By one man sin entered into the world, and death by sin, and so death passed upon all men, for that all have sinned. In this sentence, by the word World the Apostle signifieth all mankind. Thus then did the matter stand?All of doomed humanity lay in misery, (or rather was blundering on, and plunging from bad to worse), together with that part of the Angels which had sinned, until both together should suffer the condign punishment of their vile treason.

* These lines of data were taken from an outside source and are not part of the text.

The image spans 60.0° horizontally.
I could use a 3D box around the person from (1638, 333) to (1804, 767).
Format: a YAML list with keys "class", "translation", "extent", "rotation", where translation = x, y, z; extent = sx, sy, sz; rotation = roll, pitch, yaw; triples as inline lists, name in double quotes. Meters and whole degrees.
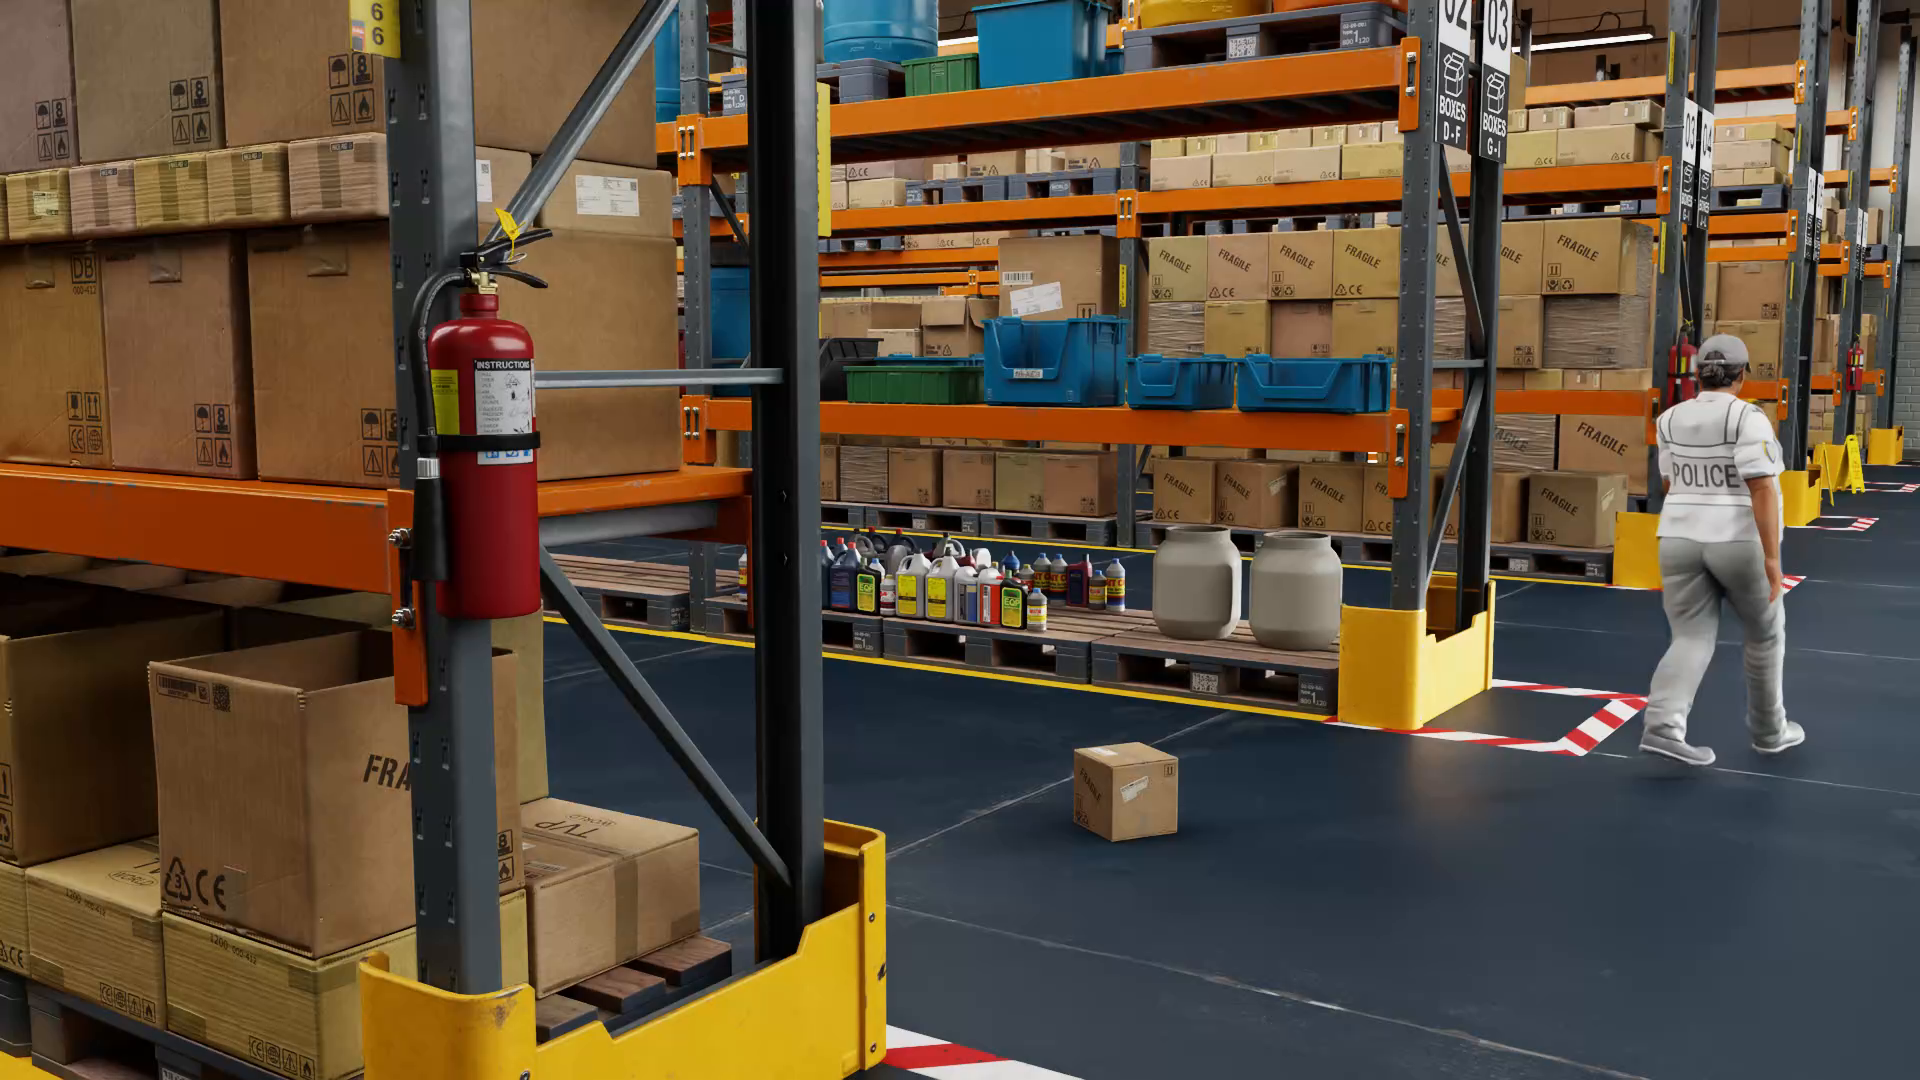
- class: "person"
  translation: [2.902, 0.032, 6.260]
  extent: [0.945, 1.609, 0.556]
  rotation: [-5, 8, -39]
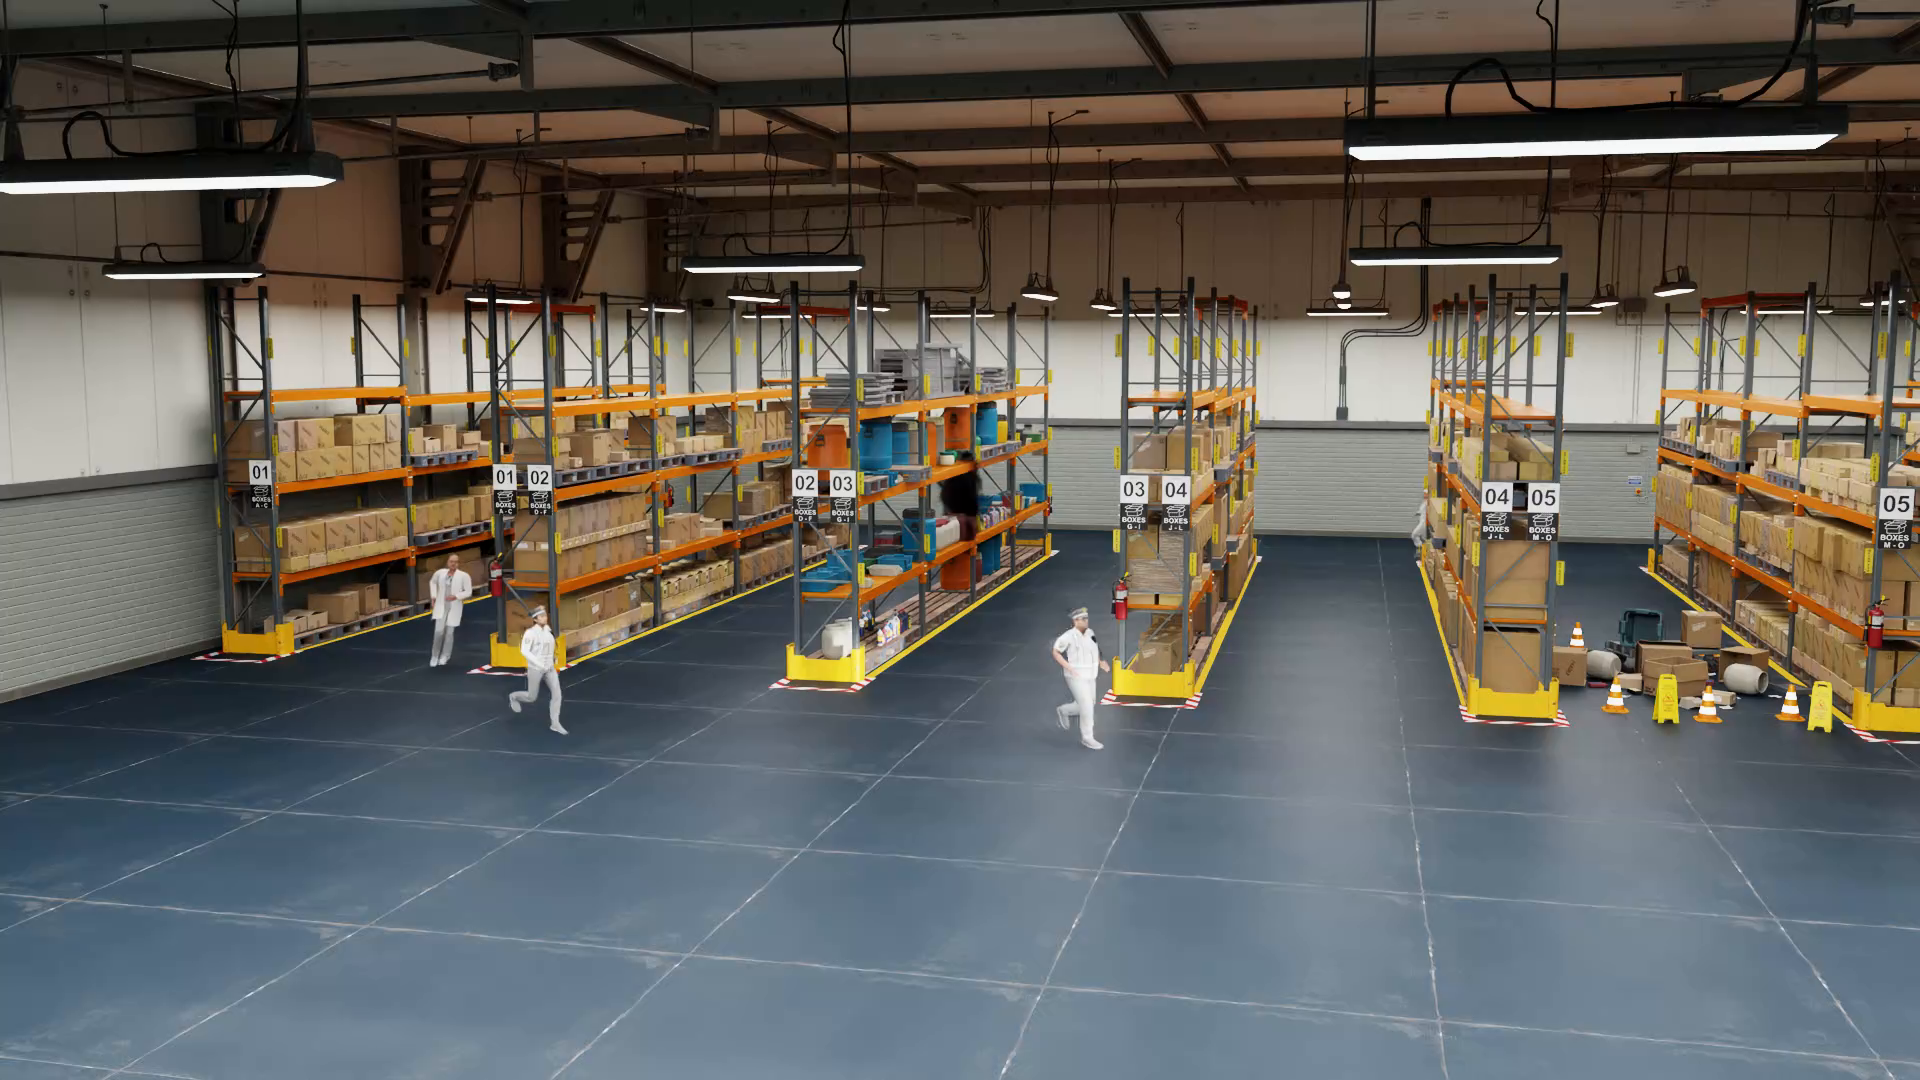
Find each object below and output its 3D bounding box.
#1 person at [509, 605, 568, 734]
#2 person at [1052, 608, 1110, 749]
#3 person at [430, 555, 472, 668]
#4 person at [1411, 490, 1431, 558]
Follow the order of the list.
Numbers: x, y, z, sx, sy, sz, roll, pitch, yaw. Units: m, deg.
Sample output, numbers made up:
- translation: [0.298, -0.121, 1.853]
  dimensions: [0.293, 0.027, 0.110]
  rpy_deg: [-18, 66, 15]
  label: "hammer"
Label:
- translation: [-5.549, 1.693, 21.903]
  dimensions: [0.976, 1.682, 0.597]
  rpy_deg: [5, 8, 36]
  label: "person"
- translation: [1.507, 1.727, 21.111]
  dimensions: [0.809, 1.775, 0.663]
  rpy_deg: [6, 9, 44]
  label: "person"
- translation: [-8.073, 1.122, 26.361]
  dimensions: [0.681, 1.791, 0.722]
  rpy_deg: [-1, 7, -11]
  label: "person"
- translation: [11.078, -0.394, 39.614]
  dimensions: [0.619, 1.762, 0.775]
  rpy_deg: [1, 7, 10]
  label: "person"
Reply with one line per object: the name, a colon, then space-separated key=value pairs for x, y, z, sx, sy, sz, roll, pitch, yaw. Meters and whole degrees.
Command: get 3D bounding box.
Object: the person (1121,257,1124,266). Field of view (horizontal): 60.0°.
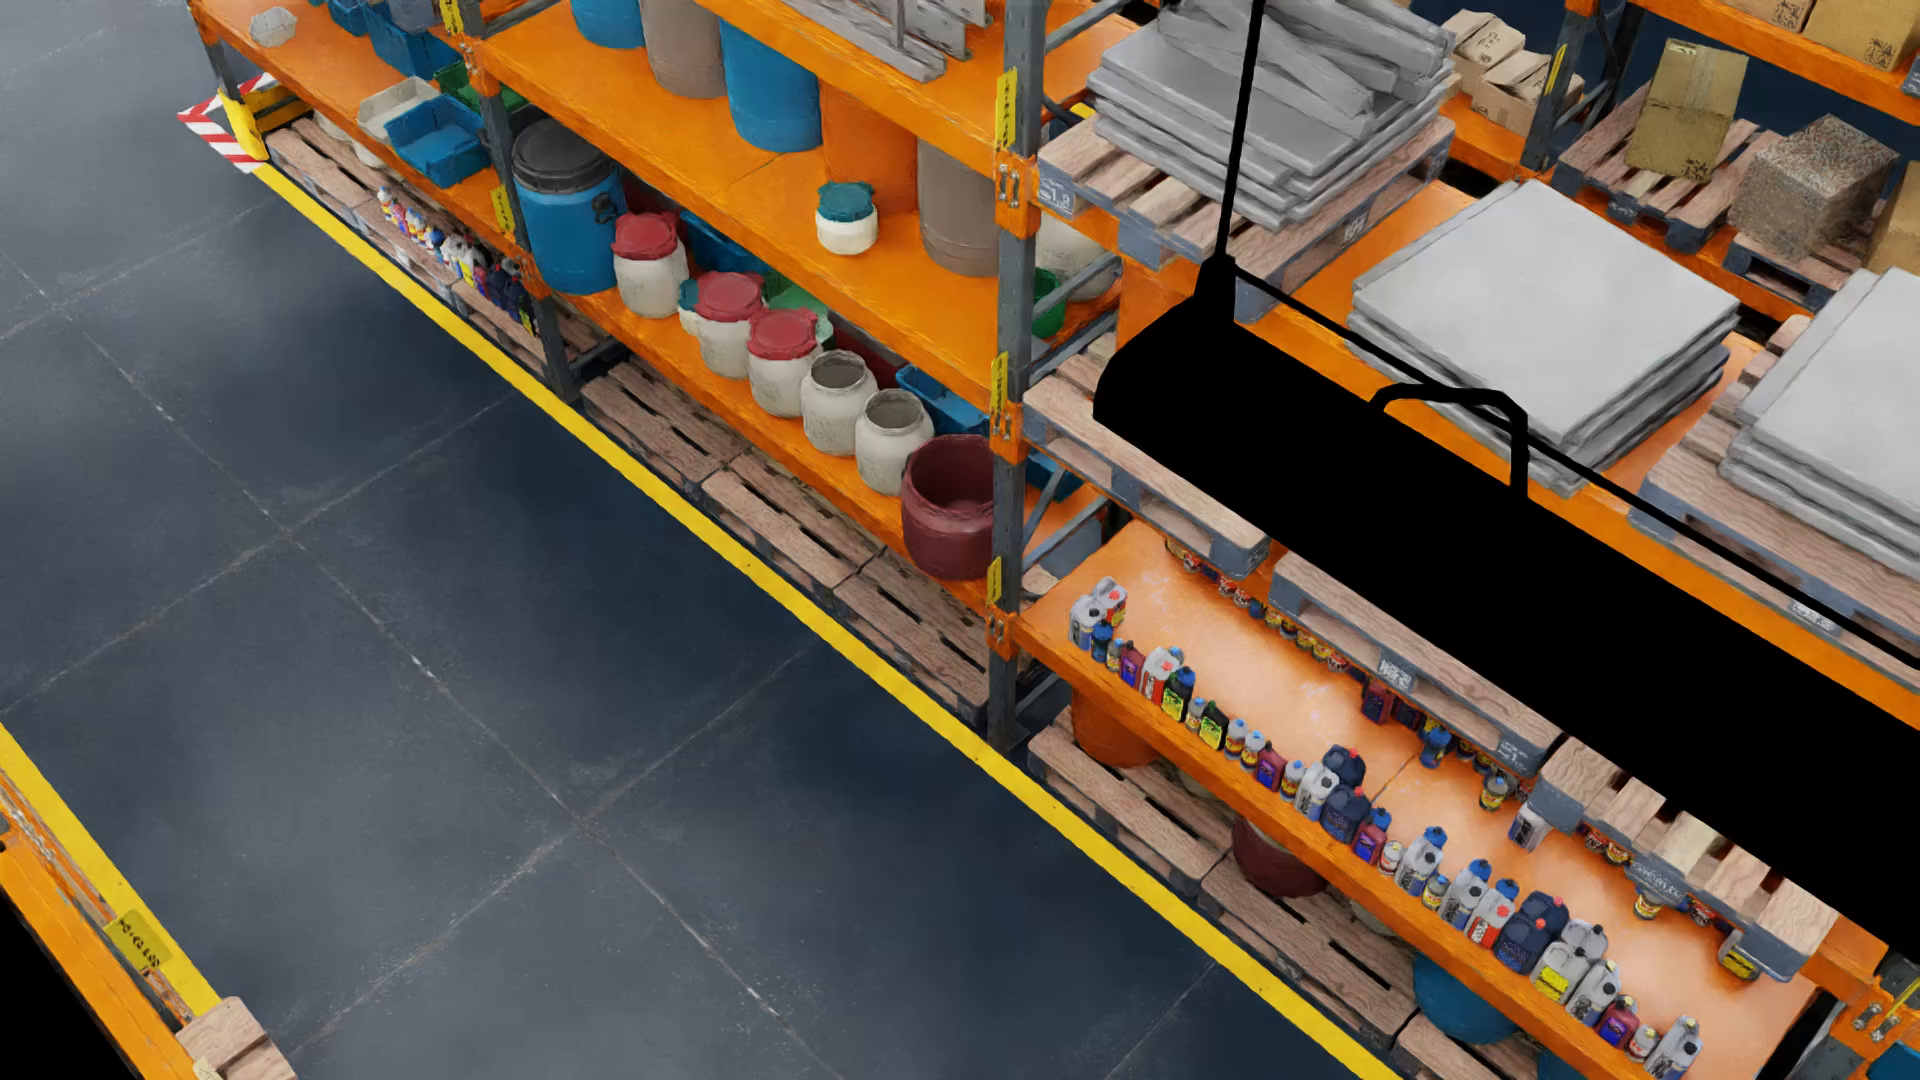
person: x=1.198 y=-2.307 z=11.286 sx=0.582 sy=1.611 sz=0.625 roll=35 pitch=58 yaw=26

For whatever, through blind and unbridled concupiscence, is willingly done by wicked men, and whatever such men suffer unwillingly in the way of secret or manifest pains, must evidently appertain to the wrath of God. And yet the goodness of the Creator did not cease to minister even to the evil angels both life and strength, for if this ministration were withdrawn they would cease to be, and in the case of mankind, although each of us is sprung from a corrupt and doomed stock, God doth not cease to give form and life to our offspring ; and he continueth to fashion each one’s parts and members throughout the various periods of life, and that in all the various races of the earth ; yea, he doth ever quicken our senses, and provide us with sustenance. For he judged it better to bring good out of evil things than to allow no evil things to exist.
And the Apostles Creed and the rest of the office.
Collect:
O LORD, we beseech thee favourably to hear the prayers of thy people; that we, who are justly punished for our offences, may be mercifully delivered by thy goodness, for the glory of thy Name; through Jesus Christ our Saviour, who liveth and reigneth with thee and the Holy Ghost ever, one God, world without end. Amen.